When we get to 10:00 (Our scrum runs from 9:30 - 10:00 AM) he announces "It's 10:00, and this meeting is done." and hits the Send Button on the email.
I realize that this can be all done on a Wiki, or other mechanisms, but it's surprising how _reassuring_ it is to know that I have on my laptop/iPhone a detailed list of all the strategic/Commitments/P1s/Sprints/Tasks that the org is worried about today/this week. Also, it's a very efficient mechanisms for the person taking notes. Their job is complete before we leave the room at 10:01 AM.
And, additional bonus - when I have my Staff meeting on Mondays, at 11:00 AM, half of that meeting is simply going over the relevant parts of the email that was sent out at 10:00 AM.
Like hamsters in a treadmill, just looking for the next two weeks, and never ahead enough. ( I know this by experience).
The scrum process is fine when dealing with bugs, or small incremental features, but it is very ineffective when dealing with completely new products or when trying to deal with innovative features.

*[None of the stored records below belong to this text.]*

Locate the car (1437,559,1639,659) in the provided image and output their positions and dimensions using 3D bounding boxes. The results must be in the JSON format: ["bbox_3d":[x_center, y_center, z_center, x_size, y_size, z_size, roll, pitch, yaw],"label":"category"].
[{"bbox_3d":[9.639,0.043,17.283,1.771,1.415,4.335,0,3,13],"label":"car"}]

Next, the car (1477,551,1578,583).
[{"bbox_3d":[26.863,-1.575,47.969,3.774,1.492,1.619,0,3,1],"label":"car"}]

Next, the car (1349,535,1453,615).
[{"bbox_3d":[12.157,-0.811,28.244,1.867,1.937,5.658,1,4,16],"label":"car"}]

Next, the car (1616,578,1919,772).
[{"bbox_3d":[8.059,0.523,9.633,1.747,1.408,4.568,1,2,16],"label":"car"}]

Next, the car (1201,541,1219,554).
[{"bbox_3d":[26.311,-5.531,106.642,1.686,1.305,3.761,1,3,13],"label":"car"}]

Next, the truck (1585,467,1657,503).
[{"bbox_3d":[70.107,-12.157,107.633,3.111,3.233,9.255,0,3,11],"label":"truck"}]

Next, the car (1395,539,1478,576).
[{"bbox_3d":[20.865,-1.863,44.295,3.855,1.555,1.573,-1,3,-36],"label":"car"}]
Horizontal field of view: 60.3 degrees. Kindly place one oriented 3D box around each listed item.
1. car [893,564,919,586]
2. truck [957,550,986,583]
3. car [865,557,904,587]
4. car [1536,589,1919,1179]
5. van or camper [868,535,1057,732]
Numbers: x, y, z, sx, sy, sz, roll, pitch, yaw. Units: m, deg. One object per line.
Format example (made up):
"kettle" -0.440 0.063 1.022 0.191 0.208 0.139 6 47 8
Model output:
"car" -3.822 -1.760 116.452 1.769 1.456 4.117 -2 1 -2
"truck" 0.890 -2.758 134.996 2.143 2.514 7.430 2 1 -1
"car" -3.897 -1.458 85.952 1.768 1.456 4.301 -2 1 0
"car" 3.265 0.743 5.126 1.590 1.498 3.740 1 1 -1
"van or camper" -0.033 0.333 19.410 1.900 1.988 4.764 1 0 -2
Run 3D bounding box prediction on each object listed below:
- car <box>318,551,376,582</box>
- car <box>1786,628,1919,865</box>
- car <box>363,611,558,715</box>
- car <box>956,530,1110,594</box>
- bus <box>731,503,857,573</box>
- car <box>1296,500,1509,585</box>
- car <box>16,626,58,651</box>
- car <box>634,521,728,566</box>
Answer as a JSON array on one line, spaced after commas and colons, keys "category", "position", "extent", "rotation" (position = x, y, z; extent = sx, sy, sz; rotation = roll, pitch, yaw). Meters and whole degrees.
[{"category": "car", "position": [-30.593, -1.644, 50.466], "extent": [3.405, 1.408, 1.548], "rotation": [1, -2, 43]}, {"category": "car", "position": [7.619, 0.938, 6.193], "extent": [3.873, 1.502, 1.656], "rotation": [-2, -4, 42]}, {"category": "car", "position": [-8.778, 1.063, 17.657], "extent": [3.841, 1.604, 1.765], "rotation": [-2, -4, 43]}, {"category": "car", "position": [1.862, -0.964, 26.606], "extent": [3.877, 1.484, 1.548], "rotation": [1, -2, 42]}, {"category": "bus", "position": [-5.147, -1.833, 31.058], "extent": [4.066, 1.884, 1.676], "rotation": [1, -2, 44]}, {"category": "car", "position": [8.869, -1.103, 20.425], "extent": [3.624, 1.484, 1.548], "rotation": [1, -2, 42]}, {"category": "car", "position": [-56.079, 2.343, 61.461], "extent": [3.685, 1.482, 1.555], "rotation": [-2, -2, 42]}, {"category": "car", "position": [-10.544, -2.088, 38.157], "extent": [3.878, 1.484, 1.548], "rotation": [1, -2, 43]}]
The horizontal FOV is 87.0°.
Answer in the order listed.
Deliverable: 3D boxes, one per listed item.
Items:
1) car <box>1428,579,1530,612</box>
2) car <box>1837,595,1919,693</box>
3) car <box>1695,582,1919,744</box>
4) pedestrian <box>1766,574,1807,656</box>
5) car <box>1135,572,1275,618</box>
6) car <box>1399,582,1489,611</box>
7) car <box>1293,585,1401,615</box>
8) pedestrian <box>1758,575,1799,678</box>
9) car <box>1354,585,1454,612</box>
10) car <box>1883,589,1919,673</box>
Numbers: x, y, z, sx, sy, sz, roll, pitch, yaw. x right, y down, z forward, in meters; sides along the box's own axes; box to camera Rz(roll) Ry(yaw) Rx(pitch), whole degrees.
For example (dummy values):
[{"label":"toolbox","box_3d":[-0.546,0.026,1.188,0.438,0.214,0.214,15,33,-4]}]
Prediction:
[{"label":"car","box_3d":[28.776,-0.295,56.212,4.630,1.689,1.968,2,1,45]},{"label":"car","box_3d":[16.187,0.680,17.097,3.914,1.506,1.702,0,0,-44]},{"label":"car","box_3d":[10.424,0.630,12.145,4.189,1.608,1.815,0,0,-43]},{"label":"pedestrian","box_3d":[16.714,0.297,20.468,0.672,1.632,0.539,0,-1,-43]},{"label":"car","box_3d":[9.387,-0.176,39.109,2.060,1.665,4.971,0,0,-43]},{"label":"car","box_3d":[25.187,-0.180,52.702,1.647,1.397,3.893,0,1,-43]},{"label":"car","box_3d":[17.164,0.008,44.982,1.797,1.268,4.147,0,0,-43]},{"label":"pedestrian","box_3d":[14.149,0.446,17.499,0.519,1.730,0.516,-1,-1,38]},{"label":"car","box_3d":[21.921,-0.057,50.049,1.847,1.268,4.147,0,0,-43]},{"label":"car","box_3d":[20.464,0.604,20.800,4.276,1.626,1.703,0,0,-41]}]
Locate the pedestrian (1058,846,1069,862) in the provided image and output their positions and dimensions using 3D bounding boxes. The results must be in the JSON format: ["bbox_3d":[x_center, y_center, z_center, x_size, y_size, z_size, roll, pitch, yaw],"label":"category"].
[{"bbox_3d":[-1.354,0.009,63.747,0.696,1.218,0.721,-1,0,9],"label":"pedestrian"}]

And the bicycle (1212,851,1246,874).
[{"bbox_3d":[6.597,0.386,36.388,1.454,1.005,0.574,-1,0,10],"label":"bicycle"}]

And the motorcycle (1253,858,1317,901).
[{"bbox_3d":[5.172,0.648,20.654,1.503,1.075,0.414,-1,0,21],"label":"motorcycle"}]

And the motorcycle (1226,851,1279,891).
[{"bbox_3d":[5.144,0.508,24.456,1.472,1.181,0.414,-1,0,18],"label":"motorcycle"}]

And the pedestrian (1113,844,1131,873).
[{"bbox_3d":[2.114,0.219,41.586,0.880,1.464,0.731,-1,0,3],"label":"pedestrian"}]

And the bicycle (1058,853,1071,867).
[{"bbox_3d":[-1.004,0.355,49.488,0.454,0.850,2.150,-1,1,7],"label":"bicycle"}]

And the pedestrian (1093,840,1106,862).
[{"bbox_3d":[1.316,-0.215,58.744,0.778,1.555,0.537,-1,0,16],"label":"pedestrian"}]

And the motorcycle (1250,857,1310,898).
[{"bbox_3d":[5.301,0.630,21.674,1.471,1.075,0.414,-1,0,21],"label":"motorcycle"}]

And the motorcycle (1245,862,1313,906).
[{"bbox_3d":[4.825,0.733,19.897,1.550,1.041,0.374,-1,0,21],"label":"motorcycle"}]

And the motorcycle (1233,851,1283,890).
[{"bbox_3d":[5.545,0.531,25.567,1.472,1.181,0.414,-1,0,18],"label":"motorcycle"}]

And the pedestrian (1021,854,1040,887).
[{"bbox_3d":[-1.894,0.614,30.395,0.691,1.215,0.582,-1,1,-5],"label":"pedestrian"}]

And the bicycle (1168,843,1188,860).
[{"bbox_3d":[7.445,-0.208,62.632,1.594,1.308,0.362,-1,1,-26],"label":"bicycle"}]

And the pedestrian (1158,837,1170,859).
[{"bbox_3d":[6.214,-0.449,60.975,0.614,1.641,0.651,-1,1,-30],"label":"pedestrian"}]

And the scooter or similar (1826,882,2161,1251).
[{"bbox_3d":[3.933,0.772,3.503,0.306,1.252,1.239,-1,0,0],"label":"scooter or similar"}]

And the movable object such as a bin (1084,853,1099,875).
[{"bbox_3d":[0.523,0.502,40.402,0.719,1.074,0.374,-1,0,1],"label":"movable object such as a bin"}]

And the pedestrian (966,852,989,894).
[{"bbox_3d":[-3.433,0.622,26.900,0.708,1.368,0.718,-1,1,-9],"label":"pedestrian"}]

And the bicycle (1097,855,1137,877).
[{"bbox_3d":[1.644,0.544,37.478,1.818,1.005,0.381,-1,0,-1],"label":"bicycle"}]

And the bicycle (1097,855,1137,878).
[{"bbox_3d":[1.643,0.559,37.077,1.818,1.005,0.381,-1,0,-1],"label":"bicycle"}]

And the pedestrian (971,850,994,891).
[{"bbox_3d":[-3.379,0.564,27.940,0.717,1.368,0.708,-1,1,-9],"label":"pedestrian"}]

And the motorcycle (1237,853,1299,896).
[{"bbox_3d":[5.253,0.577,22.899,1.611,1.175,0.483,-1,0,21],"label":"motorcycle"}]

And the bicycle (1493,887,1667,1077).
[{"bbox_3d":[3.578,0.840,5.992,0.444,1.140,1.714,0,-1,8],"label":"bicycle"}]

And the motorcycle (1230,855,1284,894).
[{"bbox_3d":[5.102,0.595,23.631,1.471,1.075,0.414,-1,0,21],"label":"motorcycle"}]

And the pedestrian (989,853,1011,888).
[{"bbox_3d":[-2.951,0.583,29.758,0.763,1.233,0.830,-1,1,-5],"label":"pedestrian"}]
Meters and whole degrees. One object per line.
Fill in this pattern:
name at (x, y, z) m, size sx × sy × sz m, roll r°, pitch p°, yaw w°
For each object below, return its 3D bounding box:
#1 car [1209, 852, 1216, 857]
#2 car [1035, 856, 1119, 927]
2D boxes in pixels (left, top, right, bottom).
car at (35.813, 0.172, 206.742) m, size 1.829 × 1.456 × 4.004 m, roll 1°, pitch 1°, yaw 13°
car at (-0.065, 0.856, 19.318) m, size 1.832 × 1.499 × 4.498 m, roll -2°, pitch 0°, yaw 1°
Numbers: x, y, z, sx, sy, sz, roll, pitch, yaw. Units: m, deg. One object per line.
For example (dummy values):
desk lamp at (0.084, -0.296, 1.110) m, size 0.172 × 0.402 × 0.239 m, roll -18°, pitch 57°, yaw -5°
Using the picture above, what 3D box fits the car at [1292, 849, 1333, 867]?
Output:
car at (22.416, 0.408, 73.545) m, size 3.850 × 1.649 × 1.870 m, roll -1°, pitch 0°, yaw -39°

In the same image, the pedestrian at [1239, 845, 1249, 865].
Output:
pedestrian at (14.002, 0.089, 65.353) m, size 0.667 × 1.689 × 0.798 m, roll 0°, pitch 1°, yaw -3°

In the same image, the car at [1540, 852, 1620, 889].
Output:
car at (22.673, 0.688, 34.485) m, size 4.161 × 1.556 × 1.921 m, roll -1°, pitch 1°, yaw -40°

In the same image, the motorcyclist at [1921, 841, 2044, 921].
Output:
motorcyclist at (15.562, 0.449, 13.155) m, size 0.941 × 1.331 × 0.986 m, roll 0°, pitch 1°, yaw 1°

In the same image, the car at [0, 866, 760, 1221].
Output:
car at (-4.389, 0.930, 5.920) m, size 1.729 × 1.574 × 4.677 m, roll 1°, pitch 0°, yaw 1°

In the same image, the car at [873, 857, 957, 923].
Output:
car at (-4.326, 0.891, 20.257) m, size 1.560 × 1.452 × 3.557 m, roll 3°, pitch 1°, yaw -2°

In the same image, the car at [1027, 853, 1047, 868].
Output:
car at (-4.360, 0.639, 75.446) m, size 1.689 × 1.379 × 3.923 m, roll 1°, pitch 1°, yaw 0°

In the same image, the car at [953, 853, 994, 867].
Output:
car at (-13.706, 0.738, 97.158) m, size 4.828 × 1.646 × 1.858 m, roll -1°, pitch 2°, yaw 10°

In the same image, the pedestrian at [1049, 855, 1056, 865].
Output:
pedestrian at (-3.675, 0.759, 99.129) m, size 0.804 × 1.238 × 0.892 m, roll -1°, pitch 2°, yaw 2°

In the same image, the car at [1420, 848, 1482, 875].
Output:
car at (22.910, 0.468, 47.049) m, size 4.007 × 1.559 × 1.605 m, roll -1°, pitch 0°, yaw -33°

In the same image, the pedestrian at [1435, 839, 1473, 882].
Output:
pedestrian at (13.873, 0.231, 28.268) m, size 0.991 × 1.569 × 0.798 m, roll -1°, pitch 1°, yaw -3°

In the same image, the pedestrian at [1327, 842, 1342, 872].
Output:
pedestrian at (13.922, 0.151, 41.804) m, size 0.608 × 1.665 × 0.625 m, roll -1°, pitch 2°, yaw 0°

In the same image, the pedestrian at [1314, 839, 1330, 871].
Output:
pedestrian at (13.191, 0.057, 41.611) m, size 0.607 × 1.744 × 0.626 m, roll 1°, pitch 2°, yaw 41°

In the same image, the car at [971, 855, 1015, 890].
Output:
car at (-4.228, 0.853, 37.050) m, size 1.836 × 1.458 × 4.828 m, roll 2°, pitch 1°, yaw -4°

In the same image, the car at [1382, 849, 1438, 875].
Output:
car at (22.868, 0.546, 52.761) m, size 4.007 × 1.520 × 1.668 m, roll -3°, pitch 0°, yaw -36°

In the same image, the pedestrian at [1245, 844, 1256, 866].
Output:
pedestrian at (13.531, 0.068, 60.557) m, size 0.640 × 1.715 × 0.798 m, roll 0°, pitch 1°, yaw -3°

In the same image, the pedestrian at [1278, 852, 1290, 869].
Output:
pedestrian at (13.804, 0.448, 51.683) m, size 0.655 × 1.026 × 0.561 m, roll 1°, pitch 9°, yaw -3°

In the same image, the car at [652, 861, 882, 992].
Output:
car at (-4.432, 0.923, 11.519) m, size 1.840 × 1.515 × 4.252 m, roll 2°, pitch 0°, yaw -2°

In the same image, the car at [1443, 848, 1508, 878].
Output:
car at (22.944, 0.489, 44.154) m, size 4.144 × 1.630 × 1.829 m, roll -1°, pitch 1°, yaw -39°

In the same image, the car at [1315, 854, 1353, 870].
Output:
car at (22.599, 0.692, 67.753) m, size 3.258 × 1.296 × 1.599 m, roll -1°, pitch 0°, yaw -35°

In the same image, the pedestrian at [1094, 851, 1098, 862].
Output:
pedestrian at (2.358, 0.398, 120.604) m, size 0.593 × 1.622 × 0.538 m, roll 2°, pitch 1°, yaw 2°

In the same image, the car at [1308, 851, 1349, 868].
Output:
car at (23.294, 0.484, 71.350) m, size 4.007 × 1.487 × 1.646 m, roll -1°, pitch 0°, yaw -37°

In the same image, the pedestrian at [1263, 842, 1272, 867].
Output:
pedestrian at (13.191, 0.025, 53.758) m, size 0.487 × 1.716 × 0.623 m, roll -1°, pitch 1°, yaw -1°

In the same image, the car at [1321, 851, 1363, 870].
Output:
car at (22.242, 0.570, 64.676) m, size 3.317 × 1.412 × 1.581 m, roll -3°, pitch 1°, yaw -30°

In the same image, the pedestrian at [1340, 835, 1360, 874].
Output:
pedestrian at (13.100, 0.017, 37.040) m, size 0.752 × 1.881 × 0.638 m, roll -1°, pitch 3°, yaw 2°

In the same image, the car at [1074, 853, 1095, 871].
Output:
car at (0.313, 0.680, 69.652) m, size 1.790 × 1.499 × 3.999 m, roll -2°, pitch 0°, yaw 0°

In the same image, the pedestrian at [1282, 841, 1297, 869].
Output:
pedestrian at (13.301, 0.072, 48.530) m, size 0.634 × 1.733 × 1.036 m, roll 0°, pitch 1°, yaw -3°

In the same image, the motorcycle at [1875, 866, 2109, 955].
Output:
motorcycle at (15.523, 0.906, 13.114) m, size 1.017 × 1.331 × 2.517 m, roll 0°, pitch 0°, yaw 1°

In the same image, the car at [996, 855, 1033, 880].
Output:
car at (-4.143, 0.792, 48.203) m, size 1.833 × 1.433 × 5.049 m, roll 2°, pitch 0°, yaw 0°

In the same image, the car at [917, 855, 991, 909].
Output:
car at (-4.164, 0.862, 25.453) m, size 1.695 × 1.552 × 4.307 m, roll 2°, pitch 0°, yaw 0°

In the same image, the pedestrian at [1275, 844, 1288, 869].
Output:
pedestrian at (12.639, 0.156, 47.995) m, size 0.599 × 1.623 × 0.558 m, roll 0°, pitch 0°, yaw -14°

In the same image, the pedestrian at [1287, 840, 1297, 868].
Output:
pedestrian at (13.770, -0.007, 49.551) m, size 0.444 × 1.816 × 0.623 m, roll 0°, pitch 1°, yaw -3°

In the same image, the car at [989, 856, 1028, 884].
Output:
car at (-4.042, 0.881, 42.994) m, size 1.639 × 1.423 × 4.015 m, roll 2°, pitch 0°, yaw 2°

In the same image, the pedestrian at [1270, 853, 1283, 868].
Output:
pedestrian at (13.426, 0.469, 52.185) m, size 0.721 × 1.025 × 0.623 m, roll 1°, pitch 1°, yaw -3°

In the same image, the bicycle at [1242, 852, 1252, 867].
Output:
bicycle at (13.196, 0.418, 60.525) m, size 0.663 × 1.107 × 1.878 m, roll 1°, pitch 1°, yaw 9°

Scrum throws all creativity out of the window. By creativity/innovation, I mean doing completely new things that are even a magnitude better, or just faster processes that what you have.
Creativity is a thing that just gets killed by planning. Often it happens when you are dealing with a problem. But the scrum process, puts blinders on developers, as you are supposed to work only on what you planned/committed to, and nothing else, like a good horse just watch the path you are told to by your manager/pm/team lead, and don't get distracted by anything else. Kills any instrict motivation, and sends a group towards a path of mediocrity as it delegates all decision making/creativity on the team lead (manager, or mp).
If your process is a straitjacket for the people involved, you have a problem with the people, not with the process.
We use variants of agile at work. Daily stand-ups, email notes, two-week iterations. My daily standups look a lot like the grandparent, except they're at 4:00 PM instead of 9:30 AM and last only about 10 minutes.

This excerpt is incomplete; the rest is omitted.